Exercise about finding when a quadratic form has isotropic vectors and then finding them.

Question

I found this exercise among those given in last year's geometry exam and I can't understand the solution given by the professor. The solution also seems incomplete because the isotropic vectors are not found. Could someone kindly explain the solution and clarify how to find isotropic vectors?

Find for which a and b the quadratic form:

$x^2+2axy+by^2$

has isotropic vectors and in that case find them.

Solution:
$x^2+2axy+by^2$=$x^2+2axy+a^2y^2+(b-a^2)y^2=(x+ay)^2+(b-a^2)y^2$

Then if $ b \le a^2 $ there are isotropic vectors,otherwise not.
In other words, the determinant of the associated matrix ́is $\le0$ if and only if we have isotropic vectors.

Answer 1

Welcome!

To find isotropic vectors, you have to find vectors $(x,y)$ such that $f(x,y)=0$ ($f$ is the quadratic form).
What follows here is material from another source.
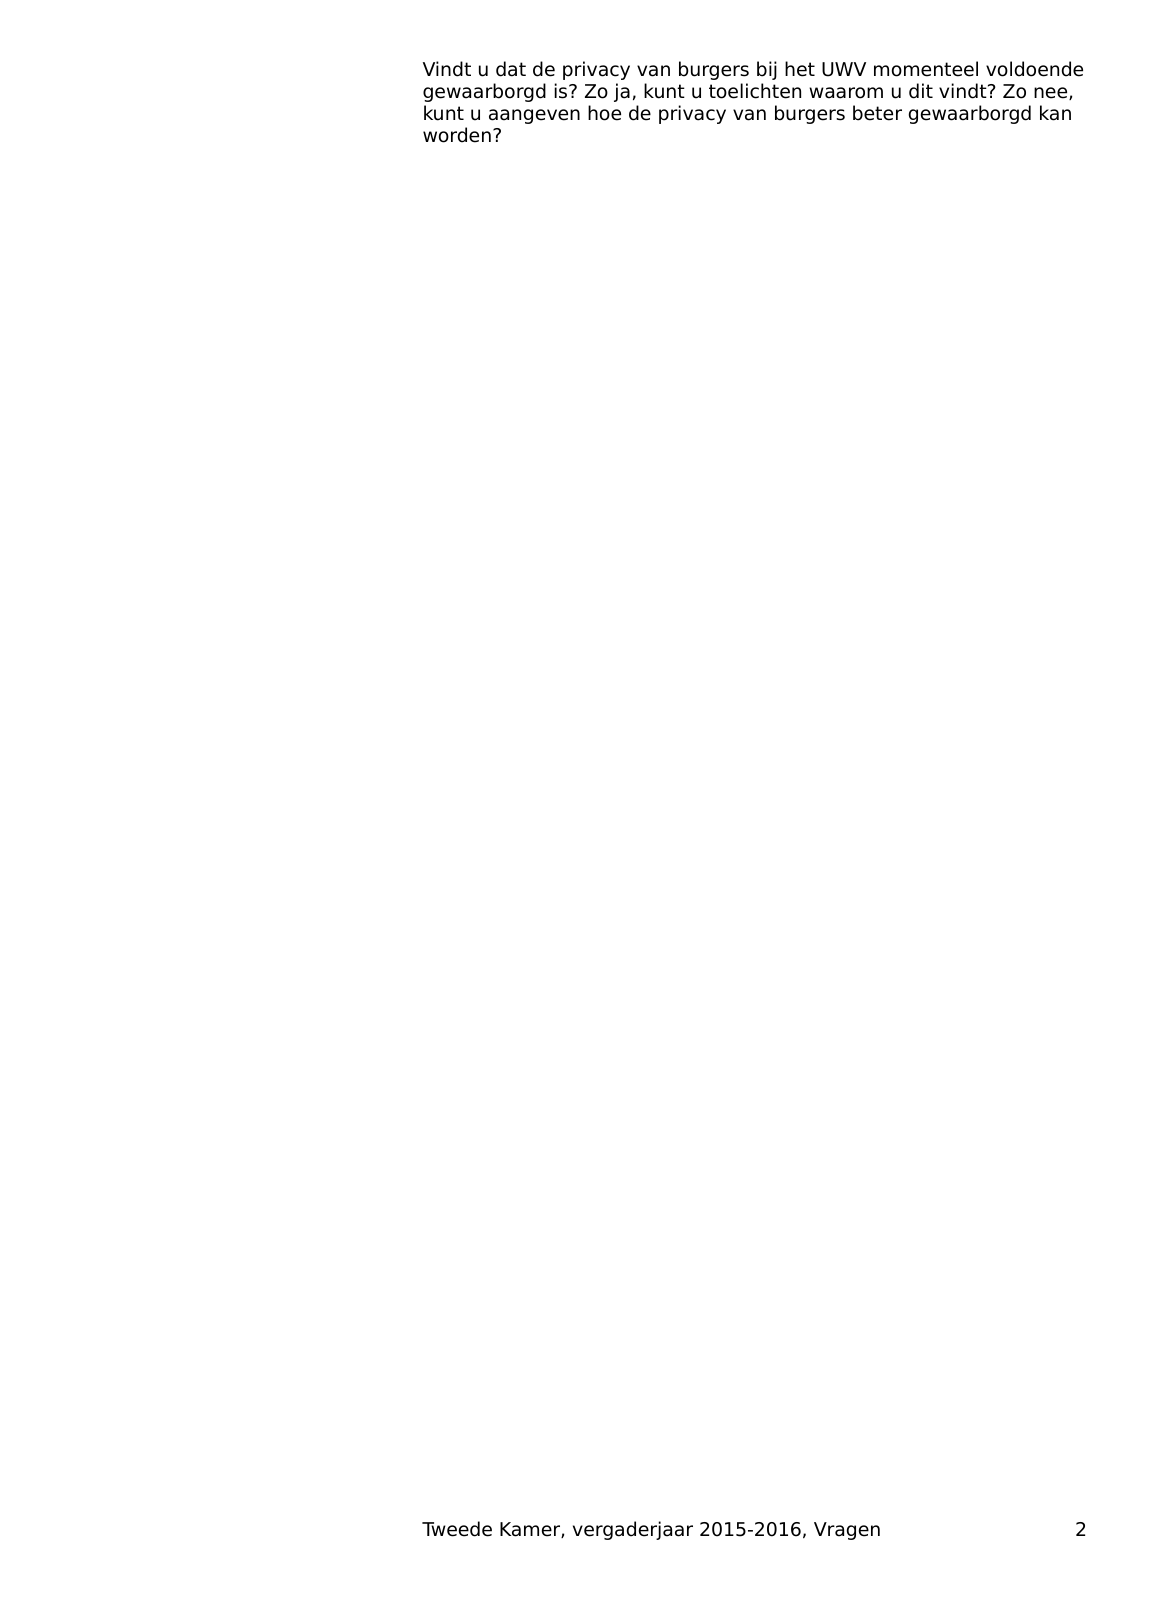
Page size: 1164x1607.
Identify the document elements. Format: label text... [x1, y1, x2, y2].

To find them, they write the quadratic form as a linear combination of squares of linear forms , using Gauß' method and obtaining $$f(x,y)=(x+ay)^2+(b-a^2)y^2.$$

The coefficients are, respectively $1$ and $b-a^2$. Now

• If $b>a^2$, both coefficients are positive, so the quadratic form can be $0$ only if each linear form is $0$, i.e. $\; y=0$, $x+ay=0$, whence $(x,y)=(0,0)$. Thus, in this case the quadratic form is definite, and as the coefficients are positive, it is definite positive.
• If $b\le a^2$, we have \begin{align} f(x,y)=0&\iff (x+ay)^2=(a^2-b)y^2\iff x+ay=\pm\sqrt{a^2-b}y\\&\iff x=\bigl(-a\pm\sqrt{a^2-b}\bigr)y. \end{align}

The latter equations are the equations of the isotropic cone.